Aletta Aurora Aralie yang digambarkan oleh lalisa manoban telah menjalani hubungan yang harmonis selama dua tahun dengan Nathan Alexandra Gabriel yang di gambarkan oleh kim mingyu pria yang selalu memberikan dukungan dan perhatian penuh kepadanya. Mereka berbagi mimpi dan kenangan indah, dan Aletta percaya bahwa Nathan adalah cinta sejatinya. Namun, segalanya berubah ketika Aletta secara tak terduga bertemu kembali dengan idolanya di masa kecil.
Iqbaal Satria Mahardika yang digambarkan oleh jeon jungkook seorang penyanyi terkenal yang pernah menghiasi hari-harinya dengan lagu-lagu dan wajah menawan. Pertemuan itu membawa kembali kenangan lama, membuat hatinya bergejolak dan membangkitkan perasaan yang dulu ia pikir sudah hilang. Iqbaal, yang sekarang tumbuh menjadi sosok yang lebih dewasa dan memesona, ternyata memiliki ketertarikan pada Aletta.
Dia mulai mendekatinya dengan ketulusan yang membuat Aletta terjebak dalam dilema besar: apakah ia akan tetap setia pada Nathan, pria yang selalu ada untuknya, atau merespons perasaan dari idola masa kecilnya yang kini berdiri di hadapannya?

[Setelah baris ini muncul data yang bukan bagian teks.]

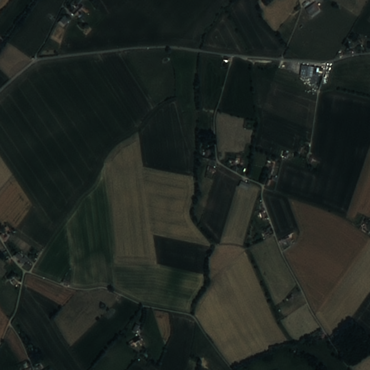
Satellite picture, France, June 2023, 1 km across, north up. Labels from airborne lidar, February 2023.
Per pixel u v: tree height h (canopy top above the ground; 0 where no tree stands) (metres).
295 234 0
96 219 0
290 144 0
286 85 0
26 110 0
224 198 0
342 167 0
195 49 0
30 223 0
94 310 0
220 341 0
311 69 0
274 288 0
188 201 0
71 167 0
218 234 0
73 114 0
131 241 0
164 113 0
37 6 0
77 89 0
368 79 0
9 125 0
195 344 0
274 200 0
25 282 0
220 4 0
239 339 0
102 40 0
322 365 14
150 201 0
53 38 0
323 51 0
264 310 0
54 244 0
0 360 0
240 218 0
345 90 8
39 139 0
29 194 0
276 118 0
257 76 0
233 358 0
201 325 0
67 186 0
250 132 0
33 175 0
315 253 0
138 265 0
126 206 0
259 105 0
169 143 0
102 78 0
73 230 0
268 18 0
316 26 0
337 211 0
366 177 0
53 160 0
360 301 0
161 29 0
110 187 0
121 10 0
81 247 0
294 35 0
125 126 0
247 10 0
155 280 0
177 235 0
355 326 21
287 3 0
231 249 0
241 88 0
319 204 0
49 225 0
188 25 0
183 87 0
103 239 0
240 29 0
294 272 0
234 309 0
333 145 0
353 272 0
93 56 0
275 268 0
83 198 0
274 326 0
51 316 13
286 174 0
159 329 0
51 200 0
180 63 0
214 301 0
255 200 0
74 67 0
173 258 0
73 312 0
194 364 0
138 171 0
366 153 0
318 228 0
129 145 0
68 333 0
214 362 0
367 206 0
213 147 16
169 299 0
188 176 0
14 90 0
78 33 0
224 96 0
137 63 0
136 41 0
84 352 0
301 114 0
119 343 0
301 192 0
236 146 0
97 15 0
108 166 0
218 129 0
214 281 0
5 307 0
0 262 0
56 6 0
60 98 0
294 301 0
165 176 0
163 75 0
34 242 0
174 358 0
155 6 0
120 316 0
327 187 0
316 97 0
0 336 0
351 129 0
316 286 0
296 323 0
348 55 0
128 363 0
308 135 0
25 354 0
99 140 0
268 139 0
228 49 0
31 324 0
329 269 0
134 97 0
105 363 0
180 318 0
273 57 0
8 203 0
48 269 0
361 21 0
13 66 0
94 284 0
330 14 0
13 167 0
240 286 0
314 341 6
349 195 0
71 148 0
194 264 0
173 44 0
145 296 0
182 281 0
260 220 0
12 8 0
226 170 0
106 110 0
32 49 0
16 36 0
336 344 16
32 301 0
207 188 0
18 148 0
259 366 0
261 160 0
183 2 0
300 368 0
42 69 0
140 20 0
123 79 0
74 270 0
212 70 0
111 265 0
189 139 0
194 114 0
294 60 0
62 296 0
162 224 0
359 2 0
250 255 0
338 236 0
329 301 0
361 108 0
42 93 0
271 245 0
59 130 0
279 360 0
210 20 0
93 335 0
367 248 0
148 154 0
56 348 0
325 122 0
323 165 0
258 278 0
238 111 0
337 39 0
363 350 14
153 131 0
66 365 0
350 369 8
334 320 0
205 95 0
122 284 0
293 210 0
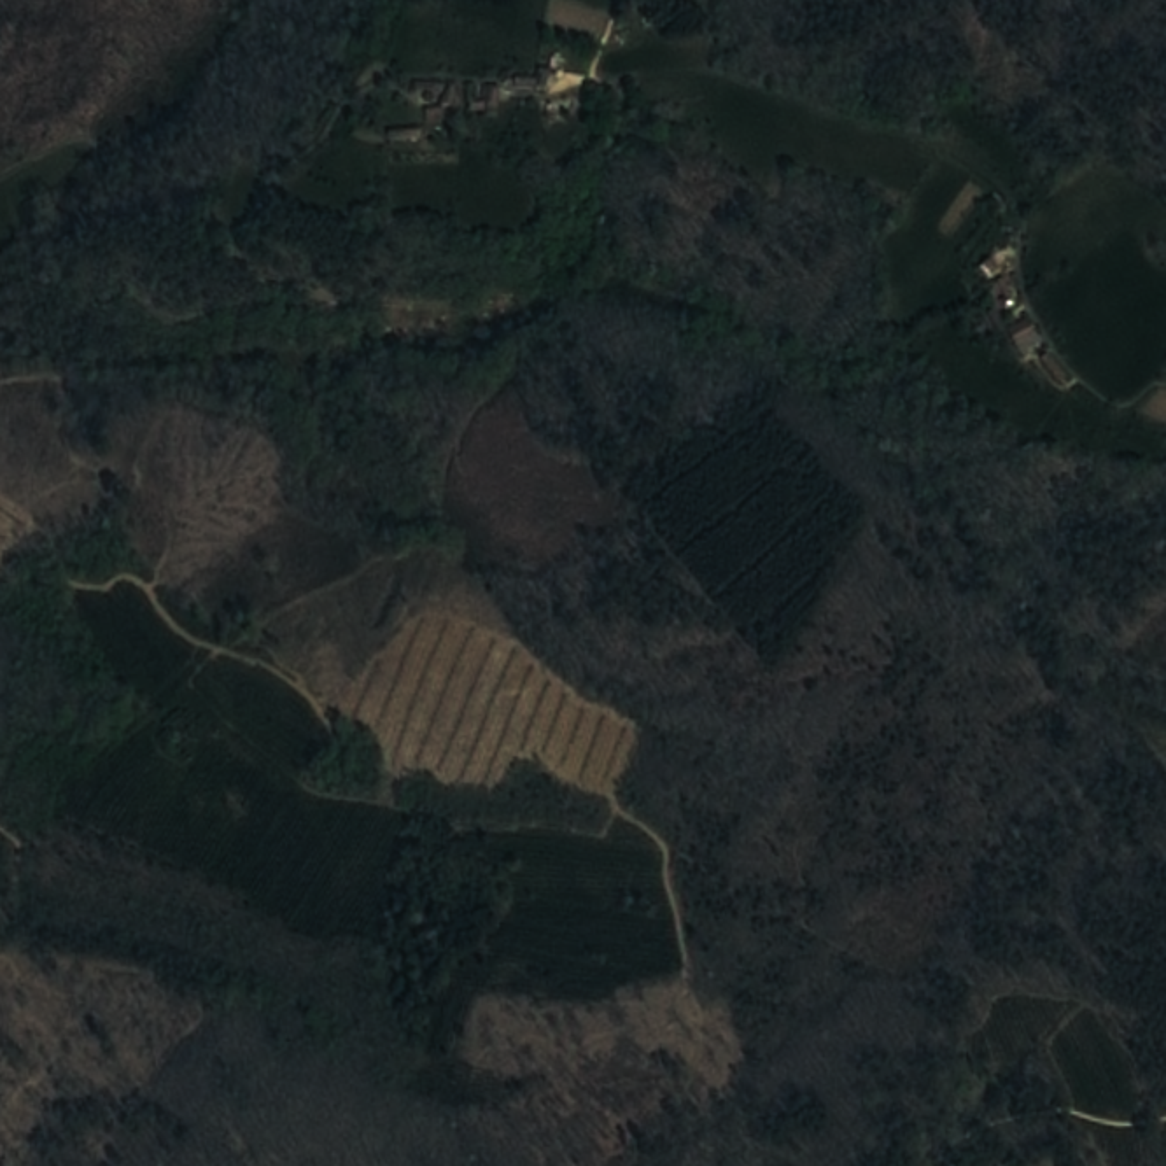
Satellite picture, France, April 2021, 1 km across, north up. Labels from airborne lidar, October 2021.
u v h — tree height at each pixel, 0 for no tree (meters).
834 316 25
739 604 21
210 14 9
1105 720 21
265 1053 17
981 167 0
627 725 0
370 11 25
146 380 31
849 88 18
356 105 14
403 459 22
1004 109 9
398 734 0
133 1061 0
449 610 0
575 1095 12
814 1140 23
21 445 20
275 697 6
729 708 8
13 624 17
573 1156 17
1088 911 25
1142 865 20
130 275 18
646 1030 0
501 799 9
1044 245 0
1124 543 28
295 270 12
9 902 15
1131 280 0
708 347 26
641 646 18
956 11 23
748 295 18
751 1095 17
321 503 20
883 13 27
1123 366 0
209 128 18
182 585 0
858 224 19
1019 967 24
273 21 16
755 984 7
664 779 11
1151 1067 23
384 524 8
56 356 13
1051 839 24
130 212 13
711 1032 0
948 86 22
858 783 8
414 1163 14
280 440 24
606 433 17
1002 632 18
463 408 15
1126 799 26
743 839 6
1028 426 0
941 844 7
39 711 18
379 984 19
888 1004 17
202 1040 6
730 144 0
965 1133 17
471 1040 16
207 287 28
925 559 12
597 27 0
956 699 7
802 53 27
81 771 6
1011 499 26
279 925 15
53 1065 0
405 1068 16
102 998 0
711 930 6
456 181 0
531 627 17
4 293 12
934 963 19
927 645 8
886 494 17
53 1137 12
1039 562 24
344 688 0
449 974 14
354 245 25
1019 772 8
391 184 11
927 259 0
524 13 0
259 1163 17
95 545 19
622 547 21
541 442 24
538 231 17
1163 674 6
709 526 21
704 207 7
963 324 9
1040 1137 17
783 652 21
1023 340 0
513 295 18
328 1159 14
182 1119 20
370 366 20
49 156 0
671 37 20
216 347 25
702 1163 22
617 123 21
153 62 11
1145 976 15
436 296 26
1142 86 21
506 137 7
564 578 19
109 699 24
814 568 22
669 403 24
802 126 0
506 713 0
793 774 11
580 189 28
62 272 29
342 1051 19
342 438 16
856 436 19
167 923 14
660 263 22
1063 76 18
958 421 26
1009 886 25
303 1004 19
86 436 19
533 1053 0
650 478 21
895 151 0
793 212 22
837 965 8
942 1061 23
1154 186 11
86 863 18
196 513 0
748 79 16
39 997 0
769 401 22
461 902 21
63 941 18
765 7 17
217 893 19
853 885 8
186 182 12
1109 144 14
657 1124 14
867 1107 24
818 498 23
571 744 0
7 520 0
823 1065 19
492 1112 11
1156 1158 18
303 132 17
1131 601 23
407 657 0
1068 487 25
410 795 9
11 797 14
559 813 8
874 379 24
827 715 13
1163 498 21
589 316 24
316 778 20
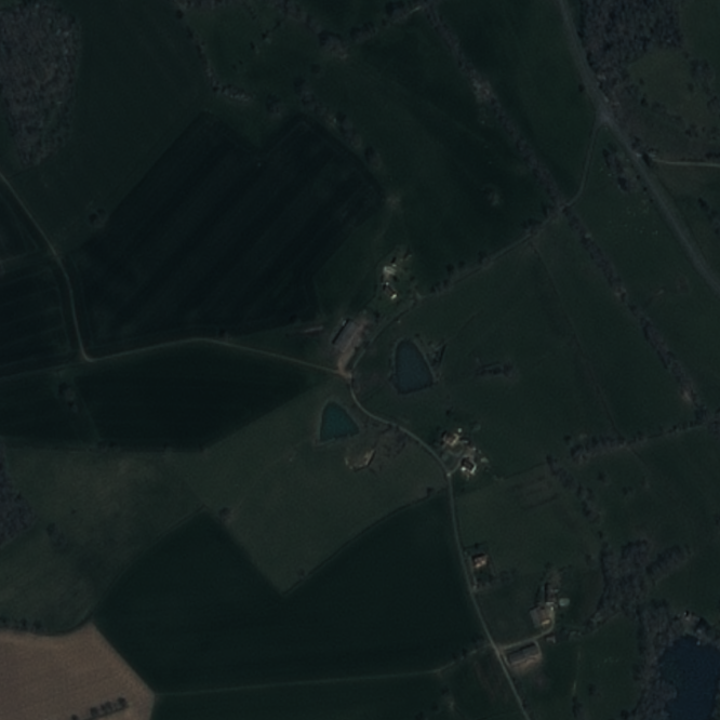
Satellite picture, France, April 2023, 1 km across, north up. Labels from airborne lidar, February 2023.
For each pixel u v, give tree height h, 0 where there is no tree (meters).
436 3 14
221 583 0
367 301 0
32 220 0
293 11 21
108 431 0
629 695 0
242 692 0
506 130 9
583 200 0
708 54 0
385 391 0
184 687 0
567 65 0
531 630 0
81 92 0
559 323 0
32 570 0
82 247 0
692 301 0
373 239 0
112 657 0
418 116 0
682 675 0
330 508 0
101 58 0
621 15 12
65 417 0
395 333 0
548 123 0
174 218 0
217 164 0
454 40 15
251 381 0
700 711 0
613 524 0
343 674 0
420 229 0
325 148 0
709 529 0
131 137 0
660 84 0
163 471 0
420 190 0
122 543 0
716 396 0
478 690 0
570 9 0
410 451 0
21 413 0
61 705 0
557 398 0
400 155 0
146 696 0
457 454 0
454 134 0
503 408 0
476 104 0
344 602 0
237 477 0
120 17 0
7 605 0
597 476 0
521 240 0
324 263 0
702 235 0
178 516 0
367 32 14
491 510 0
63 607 0
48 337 0
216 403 0
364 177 0
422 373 0
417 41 0
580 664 0
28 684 0
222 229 0
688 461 0
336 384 0
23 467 0
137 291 0
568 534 0
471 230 0
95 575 0
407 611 0
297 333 0
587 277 0
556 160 0
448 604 0
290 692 0
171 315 0
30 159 13
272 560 0
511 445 0
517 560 0
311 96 20
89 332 0
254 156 0
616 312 0
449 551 0
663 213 0
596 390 0
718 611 0
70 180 0
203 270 0
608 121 0
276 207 0
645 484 7
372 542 0
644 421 0
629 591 22
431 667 0
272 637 0
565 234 0
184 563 0
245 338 0
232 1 18
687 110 0
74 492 0
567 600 0
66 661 0
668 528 0
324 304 0
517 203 0
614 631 0
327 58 0
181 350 0
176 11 0
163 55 0
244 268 0
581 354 0
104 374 0
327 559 0
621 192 0
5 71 22
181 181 0
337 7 0
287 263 0
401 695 0
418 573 0
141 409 0
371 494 0
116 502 0
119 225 0
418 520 0
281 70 0
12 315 0
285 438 0
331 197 0
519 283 0
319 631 0
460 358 0
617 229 0
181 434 0
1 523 18
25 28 18
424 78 0
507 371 10
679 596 0
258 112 0
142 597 0
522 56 0
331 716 0
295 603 0
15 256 0
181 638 0
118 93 0
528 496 0
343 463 0
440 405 0
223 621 0
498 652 0
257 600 0
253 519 0
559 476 18
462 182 0
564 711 0
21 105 16
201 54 21
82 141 0
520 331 0
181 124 0
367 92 0
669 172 0
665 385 0
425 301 0
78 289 0
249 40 0
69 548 0
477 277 0
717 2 0
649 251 0
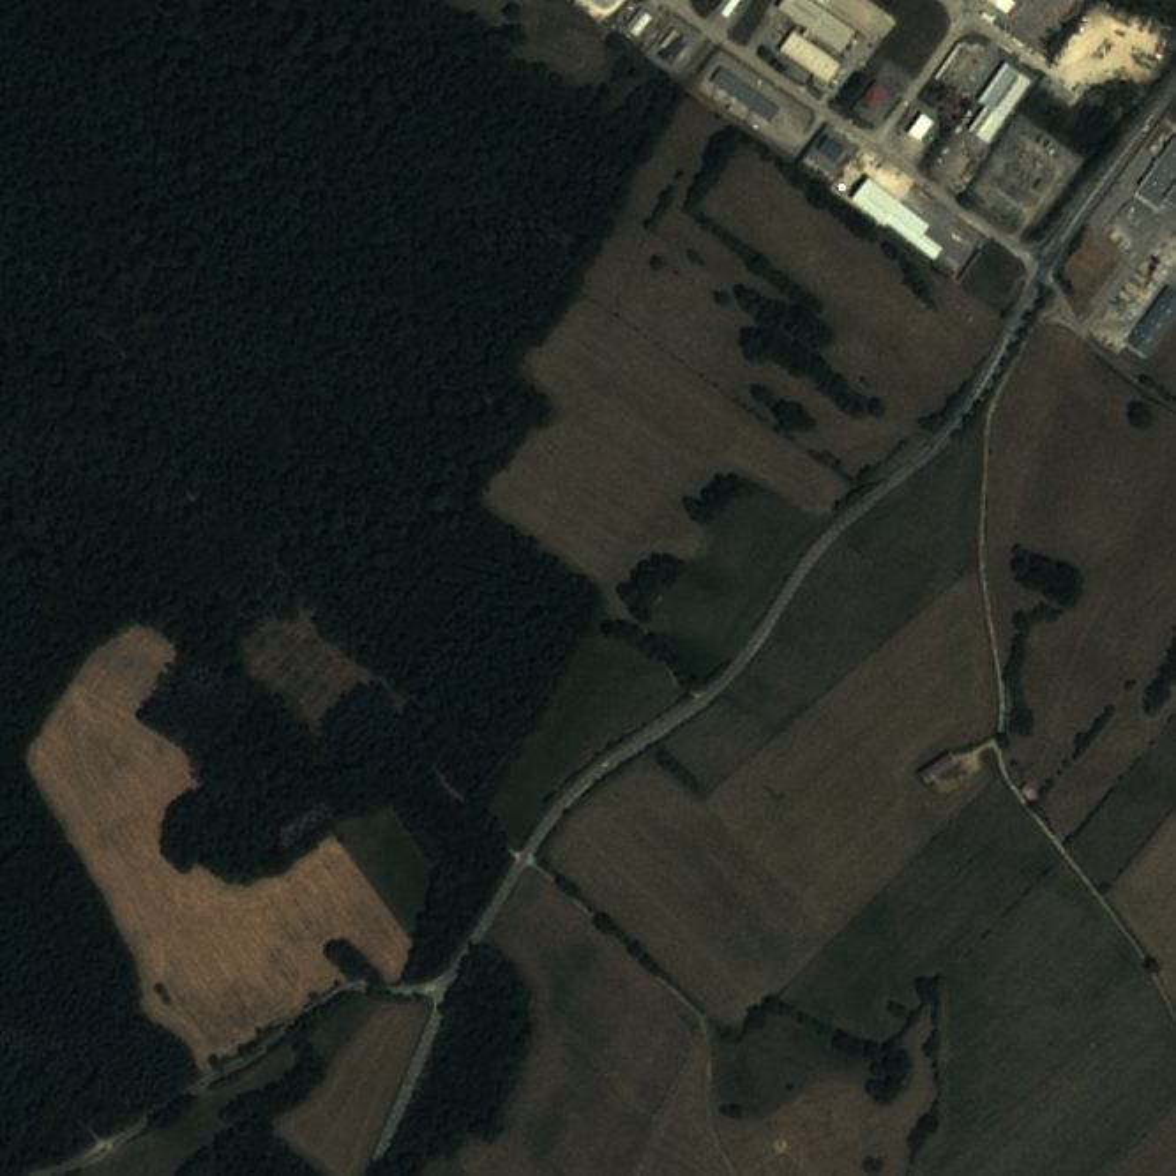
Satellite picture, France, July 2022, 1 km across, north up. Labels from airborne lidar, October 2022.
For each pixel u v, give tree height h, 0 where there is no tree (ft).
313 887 0
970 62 0
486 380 65
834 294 0
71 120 40
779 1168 0
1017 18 0
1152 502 0
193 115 79
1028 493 0
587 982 0
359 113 78
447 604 52
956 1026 0
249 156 63
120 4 32
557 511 0
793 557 0
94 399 92
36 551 21
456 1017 44
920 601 0
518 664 78
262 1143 24
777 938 0
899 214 0
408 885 0
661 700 0
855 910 0
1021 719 35
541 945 0
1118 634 0
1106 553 0
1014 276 0
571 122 71
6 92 53
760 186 0
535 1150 0
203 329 36
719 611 0
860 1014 0
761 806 0
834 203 24
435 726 73
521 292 59
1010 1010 0
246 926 0
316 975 0
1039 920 0
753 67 0
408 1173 55
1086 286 0
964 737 0
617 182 57
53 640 62
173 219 71
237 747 81
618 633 54
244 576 24
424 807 44
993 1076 0
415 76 73
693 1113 0
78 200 45
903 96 0
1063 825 0
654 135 48
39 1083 67
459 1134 54
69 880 66
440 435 59
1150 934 0
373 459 61
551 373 0
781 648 0
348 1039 0
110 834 0
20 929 73
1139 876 0
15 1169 41
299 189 57
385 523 79
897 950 0
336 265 52
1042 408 0
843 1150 0
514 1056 35
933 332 0
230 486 74
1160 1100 0
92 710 0
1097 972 0
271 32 39
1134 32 0
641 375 0
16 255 32
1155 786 0
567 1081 0
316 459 79
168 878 0
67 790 0
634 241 0
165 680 28
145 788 0
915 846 0
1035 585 48
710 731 0
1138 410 47
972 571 0
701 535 0
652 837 0
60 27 43
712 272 0
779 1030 0
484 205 32
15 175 46
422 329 70
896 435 0
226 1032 0
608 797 0
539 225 67
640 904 0
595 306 0
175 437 55
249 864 56
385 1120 0
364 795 66
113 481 53
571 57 0
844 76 0
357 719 76
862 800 0
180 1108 48
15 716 73
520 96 57
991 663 0
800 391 0
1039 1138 0
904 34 0
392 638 37
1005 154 0
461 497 36
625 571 0
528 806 0
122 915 0
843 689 0
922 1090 0
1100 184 0
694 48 0
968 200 42
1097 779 0
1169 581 0
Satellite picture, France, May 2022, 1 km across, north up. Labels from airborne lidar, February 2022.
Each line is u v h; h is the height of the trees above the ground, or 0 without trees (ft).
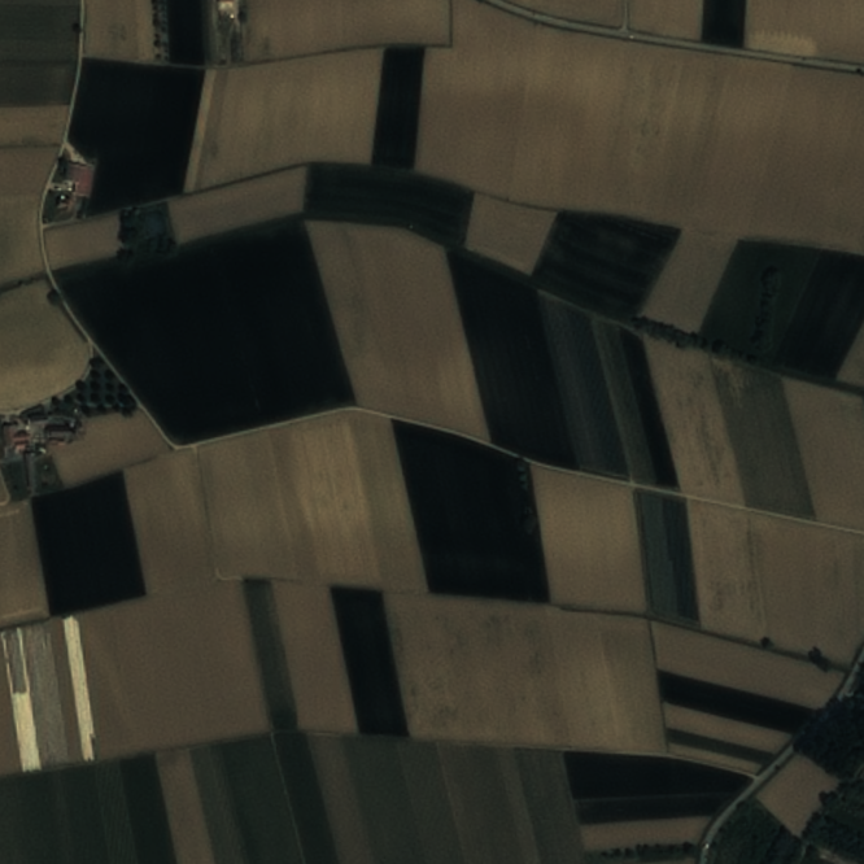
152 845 0
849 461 0
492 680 0
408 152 0
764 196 0
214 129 0
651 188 0
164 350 0
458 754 0
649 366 0
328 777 0
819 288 0
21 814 0
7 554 0
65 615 0
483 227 0
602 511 0
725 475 0
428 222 0
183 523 0
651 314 0
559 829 0
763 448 0
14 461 0
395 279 0
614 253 0
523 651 0
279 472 0
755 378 0
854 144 0
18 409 0
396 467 0
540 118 0
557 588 0
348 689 0
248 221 0
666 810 0
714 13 0
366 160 0
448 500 0
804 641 0
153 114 0
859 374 0
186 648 0
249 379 0
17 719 0
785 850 48
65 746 0
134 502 0
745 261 0
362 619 0
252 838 0
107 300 0
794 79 0
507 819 0
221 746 0
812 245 0
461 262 0
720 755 0
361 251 0
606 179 0
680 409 0
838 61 0
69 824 0
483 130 0
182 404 0
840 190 0
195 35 0
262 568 0
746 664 0
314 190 0
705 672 0
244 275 0
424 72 0
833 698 0
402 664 0
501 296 0
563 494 0
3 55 0
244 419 0
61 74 0
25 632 0
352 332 0
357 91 0
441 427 0
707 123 0
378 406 0
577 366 0
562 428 0
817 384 0
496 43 0
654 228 0
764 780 0
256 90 0
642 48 0
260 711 0
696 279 0
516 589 0
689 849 41
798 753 37
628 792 0
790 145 0
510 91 0
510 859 0
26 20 0
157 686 0
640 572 0
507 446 0
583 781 0
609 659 0
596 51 0
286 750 0
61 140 0
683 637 0
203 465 0
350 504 0
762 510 0
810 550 0
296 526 0
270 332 0
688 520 0
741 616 0
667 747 0
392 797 0
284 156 0
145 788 0
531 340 0
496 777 0
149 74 0
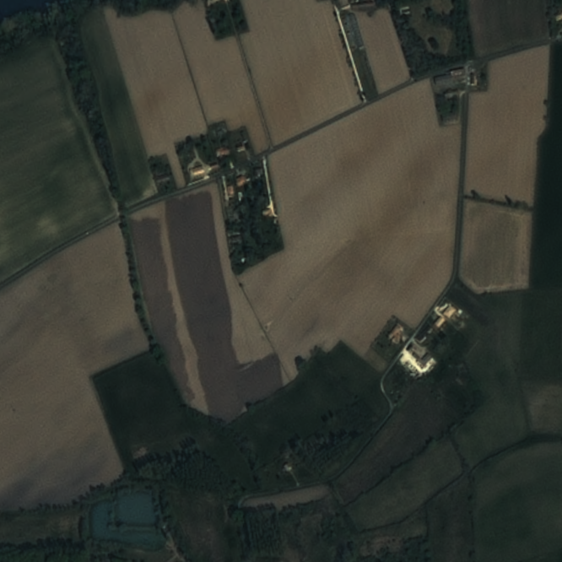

Di tengah godaan dan keraguan, Aletta harus memilih antara cinta yang telah terbangun dengan Nathan atau pesona baru dari Iqbaal yang tak pernah ia idamkan.
Karya ini diterbitkan atas izin NovelToon Mardianna, isi konten hanyalah pandangan pribadi pembuatnya, tidak mewakili NovelToon sendiri
Restu Ibu
Sesampainya di rumah sakit, Aletta langsung menjalankan rutinitasnya seperti biasa. Dia dan Alena berpisah menuju ruang kerja masing-masing.
Meski sibuk dengan tugas-tugasnya, pikiran Aletta terus terpaku pada tawaran Iqbaal. Ketika jam istirahat tiba, Aletta segera mencari tempat sepi di area taman rumah sakit untuk menelpon ibunya.
Setelah menekan tombol panggil, suara lembut ibunya terdengar di ujung sana.
Ibu:
"Halo, Aletta. Kamu gimana, nak? Gimana kerjaanmu di sana?"
Aletta tersenyum kecil mendengar suara yang selalu membuatnya tenang.
Aletta:
"Halo, Bu. Aku baik, kerjaan juga lancar. Cuma… aku mau ngomong sesuatu nih sama Ibu."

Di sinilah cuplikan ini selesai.